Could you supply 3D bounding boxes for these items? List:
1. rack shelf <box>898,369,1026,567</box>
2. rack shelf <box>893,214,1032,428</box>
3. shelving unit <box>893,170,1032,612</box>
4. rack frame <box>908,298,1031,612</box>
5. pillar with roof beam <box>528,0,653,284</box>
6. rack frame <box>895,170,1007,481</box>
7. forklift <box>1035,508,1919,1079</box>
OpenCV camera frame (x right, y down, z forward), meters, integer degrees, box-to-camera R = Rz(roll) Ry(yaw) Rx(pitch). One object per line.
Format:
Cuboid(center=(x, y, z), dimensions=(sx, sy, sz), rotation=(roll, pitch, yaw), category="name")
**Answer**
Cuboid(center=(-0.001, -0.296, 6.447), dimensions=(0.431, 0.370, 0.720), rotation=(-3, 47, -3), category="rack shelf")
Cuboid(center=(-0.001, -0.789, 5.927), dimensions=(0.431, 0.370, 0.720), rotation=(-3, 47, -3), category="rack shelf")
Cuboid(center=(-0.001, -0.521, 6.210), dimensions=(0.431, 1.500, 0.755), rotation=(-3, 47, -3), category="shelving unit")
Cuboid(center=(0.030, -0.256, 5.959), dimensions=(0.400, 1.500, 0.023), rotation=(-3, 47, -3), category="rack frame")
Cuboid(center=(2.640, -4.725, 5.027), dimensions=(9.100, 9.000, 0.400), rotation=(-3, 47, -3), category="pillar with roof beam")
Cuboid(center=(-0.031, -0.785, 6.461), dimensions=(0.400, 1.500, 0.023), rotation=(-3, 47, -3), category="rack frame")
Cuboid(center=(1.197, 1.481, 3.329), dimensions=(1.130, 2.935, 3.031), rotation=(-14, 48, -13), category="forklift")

Task directions: Could you copy out the data in full, exactly as it is written?

Response below:
Could you supply 3D bounding boxes for these items? List:
1. rack shelf <box>898,369,1026,567</box>
2. rack shelf <box>893,214,1032,428</box>
3. shelving unit <box>893,170,1032,612</box>
4. rack frame <box>908,298,1031,612</box>
5. pillar with roof beam <box>528,0,653,284</box>
6. rack frame <box>895,170,1007,481</box>
7. forklift <box>1035,508,1919,1079</box>
OpenCV camera frame (x right, y down, z forward), meters, integer degrees, box-to-camera R = Rz(roll) Ry(yaw) Rx(pitch). One object per line.
Format:
Cuboid(center=(x, y, z), dimensions=(sx, sy, sz), rotation=(roll, pitch, yaw), category="name")
**Answer**
Cuboid(center=(-0.001, -0.296, 6.447), dimensions=(0.431, 0.370, 0.720), rotation=(-3, 47, -3), category="rack shelf")
Cuboid(center=(-0.001, -0.789, 5.927), dimensions=(0.431, 0.370, 0.720), rotation=(-3, 47, -3), category="rack shelf")
Cuboid(center=(-0.001, -0.521, 6.210), dimensions=(0.431, 1.500, 0.755), rotation=(-3, 47, -3), category="shelving unit")
Cuboid(center=(0.030, -0.256, 5.959), dimensions=(0.400, 1.500, 0.023), rotation=(-3, 47, -3), category="rack frame")
Cuboid(center=(2.640, -4.725, 5.027), dimensions=(9.100, 9.000, 0.400), rotation=(-3, 47, -3), category="pillar with roof beam")
Cuboid(center=(-0.031, -0.785, 6.461), dimensions=(0.400, 1.500, 0.023), rotation=(-3, 47, -3), category="rack frame")
Cuboid(center=(1.197, 1.481, 3.329), dimensions=(1.130, 2.935, 3.031), rotation=(-14, 48, -13), category="forklift")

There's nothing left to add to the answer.